Measure Complexity Explanation
Time O(n) Each row is processed once during aggregation
Space O(k) Storage for grouped query aggregates

The database engine scans the table once and maintains aggregate values for each distinct query_name. If there are k unique query names, the grouping structure requires proportional storage.

Test Cases

# Example case from problem statement
assert round((5/1 + 5/2 + 1/200) / 3, 2) == 2.50
assert round((1/3) * 100, 2) == 33.33

# No poor queries
assert round((5/1 + 4/2) / 2, 2) == 3.50
assert round((0/2) * 100, 2) == 0.00

# All poor queries
assert round((1/1 + 2/2) / 2, 2) == 1.00
assert round((2/2) * 100, 2) == 100.00

# Single row query group
assert round((4/5), 2) == 0.80
assert round((0/1) * 100, 2) == 0.00

# Duplicate rows should count independently
assert round((5/1 + 5/1) / 2, 2) == 5.00

# Large position value
assert round((1/500), 2) == 0.00

# Mixed ratings
assert round((2/1 + 3/2 + 5/5) / 3, 2) == 1.50
assert round((1/3) * 100, 2) == 33.33

Test Case Summary

Test Why
Problem example Validates standard functionality
No poor queries Ensures percentage becomes 0
All poor queries Ensures percentage becomes 100
Single row group Tests minimal grouping size
Duplicate rows Verifies duplicates are included
Large position value Tests very small ratio calculations
Mixed ratings Tests normal mixed-case aggregation

Edge Cases

All Queries Are Poor

If every row for a query has rating < 3, then the poor query percentage should become 100.00.

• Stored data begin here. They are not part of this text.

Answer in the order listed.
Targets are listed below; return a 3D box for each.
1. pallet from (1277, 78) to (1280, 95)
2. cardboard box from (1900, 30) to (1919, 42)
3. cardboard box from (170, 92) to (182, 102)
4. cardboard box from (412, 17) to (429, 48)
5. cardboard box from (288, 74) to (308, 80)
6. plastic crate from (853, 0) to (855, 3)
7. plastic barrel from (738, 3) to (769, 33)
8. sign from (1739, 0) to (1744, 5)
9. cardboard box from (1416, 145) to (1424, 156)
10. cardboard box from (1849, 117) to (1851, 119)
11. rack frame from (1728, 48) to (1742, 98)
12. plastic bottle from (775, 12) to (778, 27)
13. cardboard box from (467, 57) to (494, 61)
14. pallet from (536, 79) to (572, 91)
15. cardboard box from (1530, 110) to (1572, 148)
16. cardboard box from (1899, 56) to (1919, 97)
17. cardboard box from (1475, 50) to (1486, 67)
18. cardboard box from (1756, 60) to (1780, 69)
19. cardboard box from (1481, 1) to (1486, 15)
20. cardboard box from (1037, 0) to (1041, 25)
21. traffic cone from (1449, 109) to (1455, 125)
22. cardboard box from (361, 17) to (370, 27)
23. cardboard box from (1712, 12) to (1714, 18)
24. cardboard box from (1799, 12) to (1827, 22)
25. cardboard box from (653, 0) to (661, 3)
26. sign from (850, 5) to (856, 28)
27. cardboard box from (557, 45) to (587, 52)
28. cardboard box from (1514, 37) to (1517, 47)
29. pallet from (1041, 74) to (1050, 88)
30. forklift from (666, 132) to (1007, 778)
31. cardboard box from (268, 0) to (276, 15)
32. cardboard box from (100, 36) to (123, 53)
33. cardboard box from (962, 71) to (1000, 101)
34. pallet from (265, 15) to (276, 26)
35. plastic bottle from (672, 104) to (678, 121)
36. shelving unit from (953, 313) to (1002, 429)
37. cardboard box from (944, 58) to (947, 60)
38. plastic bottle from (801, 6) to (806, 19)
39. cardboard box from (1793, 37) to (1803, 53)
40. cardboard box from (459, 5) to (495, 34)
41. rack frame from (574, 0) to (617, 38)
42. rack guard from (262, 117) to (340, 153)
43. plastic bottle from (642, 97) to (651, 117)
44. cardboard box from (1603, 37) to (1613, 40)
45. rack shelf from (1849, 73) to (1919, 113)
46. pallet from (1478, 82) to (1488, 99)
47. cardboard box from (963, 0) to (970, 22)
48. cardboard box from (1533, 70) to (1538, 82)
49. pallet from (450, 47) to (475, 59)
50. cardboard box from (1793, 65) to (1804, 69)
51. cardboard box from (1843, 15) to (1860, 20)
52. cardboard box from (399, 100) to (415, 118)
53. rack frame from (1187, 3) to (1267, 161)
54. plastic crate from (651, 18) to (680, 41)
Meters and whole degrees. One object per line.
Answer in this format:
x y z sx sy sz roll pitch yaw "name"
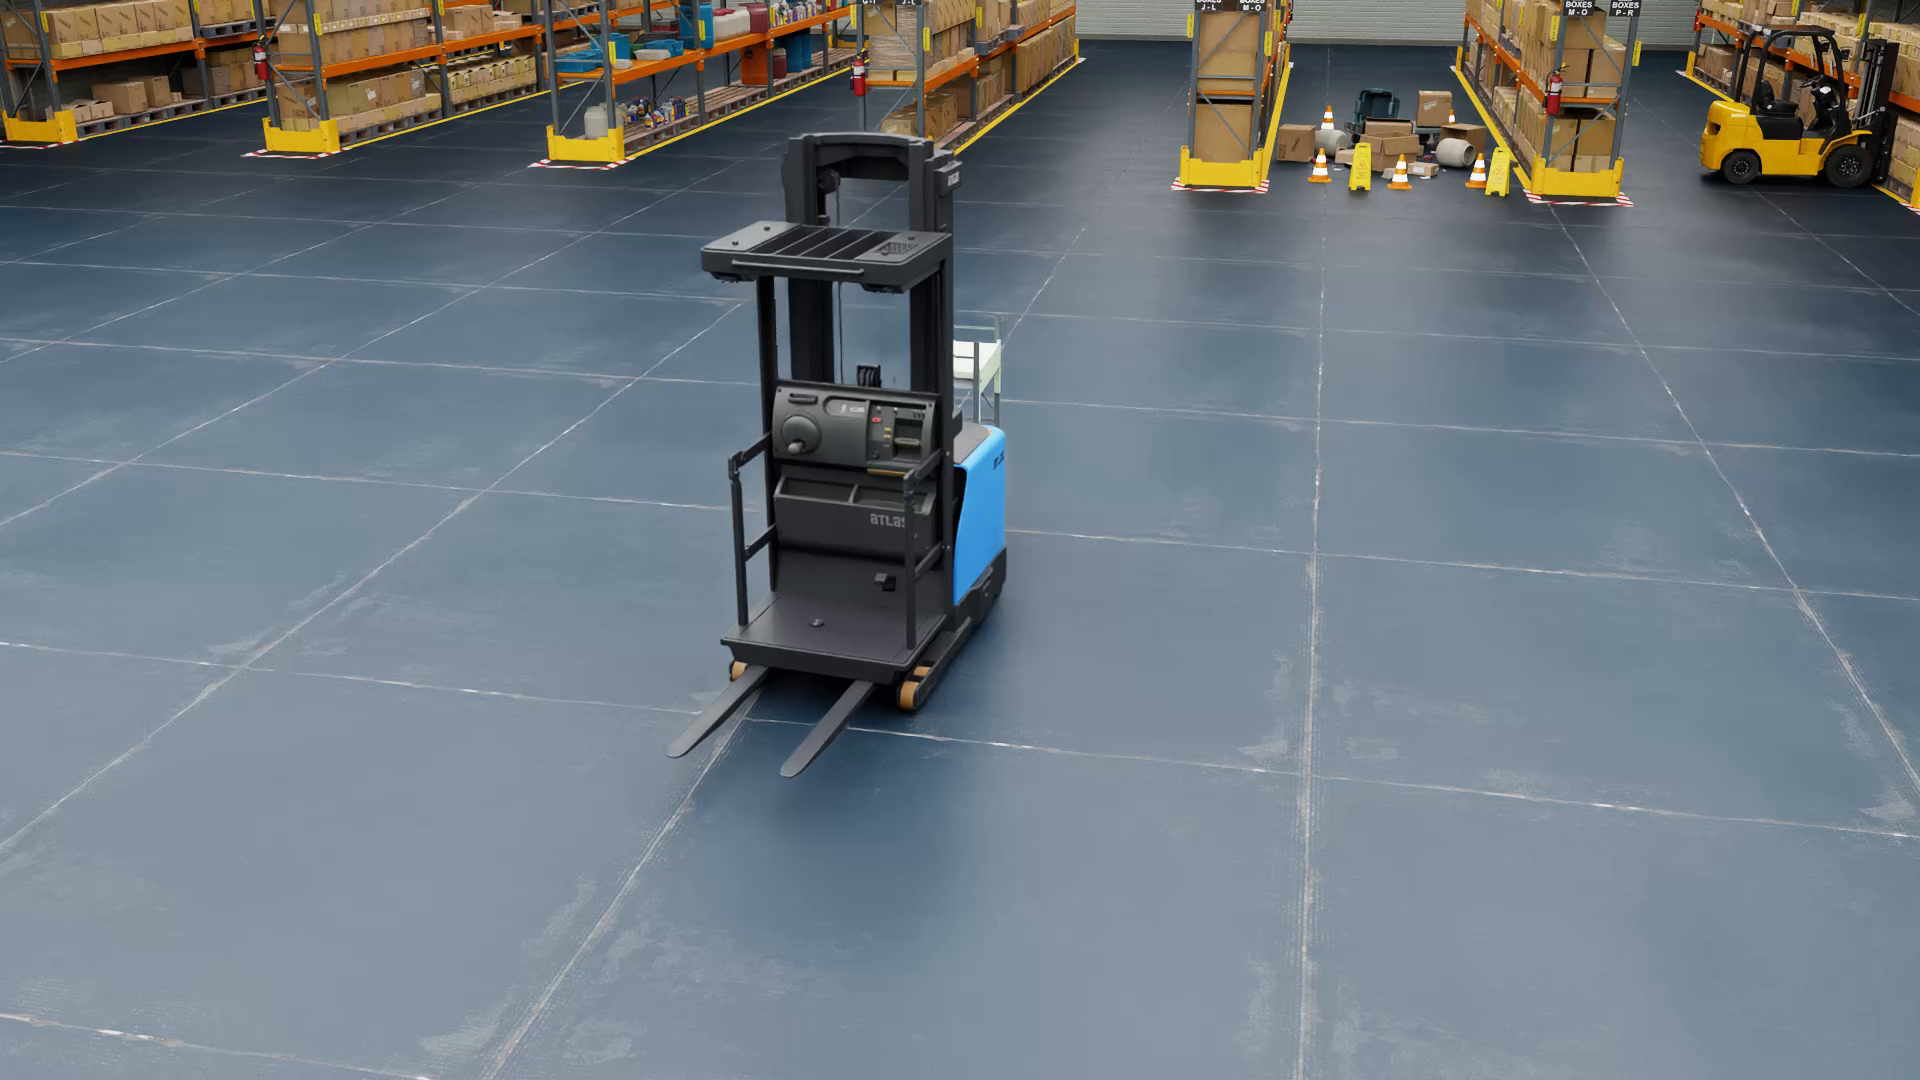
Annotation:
6.096 -9.417 34.454 1.003 0.211 1.213 4 22 11 "pallet"
13.807 -7.266 23.980 0.380 0.149 0.250 4 22 11 "cardboard box"
-14.841 -8.309 31.174 0.380 0.166 0.250 2 22 4 "cardboard box"
-9.995 -9.125 29.861 0.700 0.500 0.500 4 22 10 "cardboard box"
-14.041 -9.858 34.572 0.700 0.500 0.500 5 22 12 "cardboard box"
-2.676 -12.740 39.243 0.396 0.136 0.243 4 22 11 "plastic crate"
-4.045 -10.195 32.471 0.600 0.536 0.708 4 22 11 "plastic barrel"
15.447 -10.718 32.793 0.100 0.325 0.005 4 22 11 "sign"
7.220 -6.327 26.707 0.258 0.266 0.396 -11 25 -26 "cardboard box"
13.947 -6.350 25.555 0.500 0.250 0.500 4 22 11 "cardboard box"
15.980 -10.278 32.859 1.000 3.000 0.127 4 22 11 "rack frame"
-3.730 -10.521 33.619 0.061 0.283 0.133 4 22 11 "plastic bottle"
-9.588 -9.522 33.348 0.500 0.311 0.500 4 22 10 "cardboard box"
-8.905 -9.681 35.108 1.003 0.211 1.213 4 22 11 "pallet"
8.683 -6.038 24.444 0.500 0.500 0.500 5 23 13 "cardboard box"
13.594 -6.512 23.374 0.500 0.500 0.500 4 22 10 "cardboard box"
11.535 -10.210 35.558 0.875 0.438 0.875 4 22 9 "cardboard box"
15.494 -9.112 31.878 0.380 0.149 0.250 4 22 11 "cardboard box"
10.754 -10.678 33.383 0.500 0.250 0.500 4 22 9 "cardboard box"
1.383 -10.893 34.252 0.500 0.500 0.500 4 22 10 "cardboard box"
8.370 -7.113 28.395 0.336 0.463 0.334 4 22 11 "traffic cone"
-10.176 -8.724 27.998 0.380 0.149 0.250 4 22 10 "cardboard box"
16.323 -11.242 35.588 0.380 0.149 0.250 5 23 13 "cardboard box"
14.810 -9.068 28.853 0.380 0.149 0.250 5 22 12 "cardboard box"
-7.497 -13.120 39.781 0.500 0.500 0.500 5 22 11 "cardboard box"
-1.569 -7.755 24.621 0.100 0.325 0.005 4 22 11 "sign"
-8.412 -10.460 36.067 0.500 0.500 0.500 4 22 9 "cardboard box"
9.459 -8.302 27.727 0.380 0.149 0.250 5 22 11 "cardboard box"
1.335 -9.829 35.476 1.003 0.211 1.213 4 22 11 "pallet"
-0.650 -0.595 8.908 1.130 2.935 3.031 7 23 17 "forklift"
-14.119 -10.952 33.809 0.700 0.500 0.500 2 22 6 "cardboard box"
-14.965 -8.625 28.929 0.500 0.250 0.500 4 22 10 "cardboard box"
0.384 -8.542 31.305 0.700 0.500 0.500 3 22 6 "cardboard box"
-13.986 -10.723 34.219 1.213 0.211 1.003 4 22 11 "pallet"
-4.944 -7.416 28.799 0.061 0.283 0.133 6 23 14 "plastic bottle"
-0.001 -0.693 11.067 0.431 1.500 0.755 4 22 11 "shelving unit"
-0.416 -7.634 26.630 0.380 0.149 0.250 4 22 11 "cardboard box"
-3.372 -11.244 35.422 0.152 0.276 0.135 4 22 11 "plastic bottle"
14.834 -8.602 28.898 0.500 0.250 0.500 5 22 11 "cardboard box"
-9.421 -10.136 32.371 0.500 0.500 0.500 3 22 8 "cardboard box"
-8.279 -12.167 37.549 1.000 3.000 0.127 4 22 11 "rack frame"
-10.732 -6.610 27.097 1.175 0.500 0.348 4 22 11 "rack guard"
-5.492 -7.563 29.074 0.144 0.351 0.185 4 22 11 "plastic bottle"
9.341 -7.166 24.598 0.500 0.500 0.500 4 22 10 "cardboard box"
13.939 -6.287 23.912 1.077 0.370 4.000 4 22 11 "rack shelf"
11.036 -9.074 33.601 1.003 0.211 1.213 4 22 11 "pallet"
-0.137 -8.764 27.230 0.500 0.500 0.500 4 22 11 "cardboard box"
8.815 -6.961 24.958 0.380 0.149 0.250 4 22 11 "cardboard box"
-12.650 -11.969 40.791 1.003 0.211 1.213 4 22 11 "pallet"
15.787 -8.795 31.093 0.380 0.149 0.250 5 22 11 "cardboard box"
15.239 -8.834 28.270 0.380 0.149 0.250 4 22 11 "cardboard box"
-9.991 -7.608 29.348 0.500 0.250 0.500 4 22 11 "cardboard box"
3.805 -6.607 23.743 1.000 3.000 0.127 4 22 11 "rack frame"
-5.263 -9.092 29.829 0.402 0.464 0.583 4 22 11 "plastic crate"

A buggy implementation might accidentally divide integers incorrectly or mishandle percentage conversion. Using:

AVG(CASE WHEN rating < 3 THEN 1 ELSE 0 END) * 100

correctly produces 100.00 when all rows evaluate to 1.

No Poor Queries

If every rating is at least 3, then the percentage should become 0.00.

Some implementations incorrectly omit the ELSE 0 branch in the CASE statement, which can produce NULL values. Explicitly returning 0 guarantees the average works correctly.

Very Large Position Values

A position can be as large as 500, producing very small ratios such as:

$$\frac{1}{500} = 0.002$$

A careless implementation using integer division would incorrectly produce 0. SQL floating point division preserves decimal precision, and the final rounding step ensures the output format matches the requirements exactly.